Is there a particular part of the writing process that is your favorite?

The beer and cheese floofs! :p

I actually don’t know what I would call my favorite part. Probably when it’s working, when I’m firing at all cylinders, when the words feel powerful as I type them. Before I have to see them again, before editing, before rejections, before any of that. It feels gone a lot of the time since I’ve started writing to sell, but occasionally I still feel that spark that first drew me to writing, that rush from creating that makes me smile, that makes me feel like I know what I’m doing. Also the first five seconds after an acceptance, when I’m super happy and excited and before the fear sets in that I’ve made a huge mistake and everyone will hate my story.

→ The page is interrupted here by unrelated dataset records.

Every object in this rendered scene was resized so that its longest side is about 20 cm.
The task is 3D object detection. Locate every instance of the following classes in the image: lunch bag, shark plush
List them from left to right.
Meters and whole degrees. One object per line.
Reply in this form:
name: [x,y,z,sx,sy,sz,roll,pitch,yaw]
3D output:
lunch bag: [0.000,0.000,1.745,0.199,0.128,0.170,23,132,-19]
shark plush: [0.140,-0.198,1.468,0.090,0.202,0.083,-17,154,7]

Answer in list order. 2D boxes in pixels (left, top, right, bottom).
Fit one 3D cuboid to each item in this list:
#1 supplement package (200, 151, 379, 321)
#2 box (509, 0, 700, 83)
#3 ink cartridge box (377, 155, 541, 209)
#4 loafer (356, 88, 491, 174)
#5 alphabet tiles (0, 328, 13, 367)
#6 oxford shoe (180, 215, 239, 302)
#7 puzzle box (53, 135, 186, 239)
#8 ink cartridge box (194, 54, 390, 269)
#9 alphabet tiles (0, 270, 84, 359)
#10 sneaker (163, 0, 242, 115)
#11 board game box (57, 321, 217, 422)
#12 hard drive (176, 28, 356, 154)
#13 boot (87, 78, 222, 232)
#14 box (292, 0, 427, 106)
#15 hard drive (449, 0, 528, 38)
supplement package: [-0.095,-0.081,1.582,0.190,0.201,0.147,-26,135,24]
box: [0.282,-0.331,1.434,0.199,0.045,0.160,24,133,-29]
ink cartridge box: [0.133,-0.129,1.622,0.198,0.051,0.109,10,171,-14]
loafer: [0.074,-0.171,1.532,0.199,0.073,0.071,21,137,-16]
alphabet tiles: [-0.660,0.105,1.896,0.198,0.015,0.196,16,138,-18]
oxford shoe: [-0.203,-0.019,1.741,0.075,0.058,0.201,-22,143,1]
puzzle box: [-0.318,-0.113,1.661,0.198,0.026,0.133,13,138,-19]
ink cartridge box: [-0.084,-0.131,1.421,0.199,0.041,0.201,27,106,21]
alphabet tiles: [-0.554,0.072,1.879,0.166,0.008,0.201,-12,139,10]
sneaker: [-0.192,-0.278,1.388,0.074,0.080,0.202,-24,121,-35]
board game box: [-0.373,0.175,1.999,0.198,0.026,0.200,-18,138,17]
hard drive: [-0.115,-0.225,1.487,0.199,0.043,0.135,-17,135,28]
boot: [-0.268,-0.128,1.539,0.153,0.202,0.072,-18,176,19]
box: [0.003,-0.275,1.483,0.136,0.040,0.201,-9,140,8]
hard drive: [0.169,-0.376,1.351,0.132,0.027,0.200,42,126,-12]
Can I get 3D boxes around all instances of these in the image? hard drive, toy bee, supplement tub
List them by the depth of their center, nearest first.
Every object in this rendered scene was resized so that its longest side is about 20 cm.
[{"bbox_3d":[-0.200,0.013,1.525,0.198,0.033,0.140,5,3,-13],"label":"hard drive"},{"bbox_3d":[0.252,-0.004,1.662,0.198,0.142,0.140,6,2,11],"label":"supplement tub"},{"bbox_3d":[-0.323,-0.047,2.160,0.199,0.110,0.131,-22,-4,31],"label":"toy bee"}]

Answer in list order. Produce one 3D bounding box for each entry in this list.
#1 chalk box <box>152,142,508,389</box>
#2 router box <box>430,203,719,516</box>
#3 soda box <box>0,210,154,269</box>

What upcoming projects of yours should we be looking for?

There’s been a lot of good news for me recently, so for now at least there’s a bunch to look forward to. Perhaps the most exciting is that I have stories coming out in the first Book Smugglers Quarterly Almanac (with cover art based on my story!) and in the upcoming Journal of Unlikely Observances from Unlikely Story. I also have a cute urban fantasy M/M romance novelette coming out at Dreamspinner in June and plenty of smut coming out at Torquere Press and even an M/M/M erotic fairy tale that will be in Fairytales Slashed vol. 8 from Less Than Three Press later this year. And I’ll be at WisCon at the end of [May] doing my first ever convention panels (so excited and terrified!). So it’s a bit busy, but in the best of ways.

Any links you’d like to share?

Nerds of a Feather, Flock Together
The Postcard Chronicles (a fun project with fellow Wisconsin writer Jes Rausch)
Dreamspinner Author Page (actually compiles Facebook, Goodreads, Twitter, and more)

Big thanks to Charles Payseur for being part of this week’s author interview! Be sure to check in regularly with his latest reviews and publishing news at Quick Sip Reviews!

Happy reading!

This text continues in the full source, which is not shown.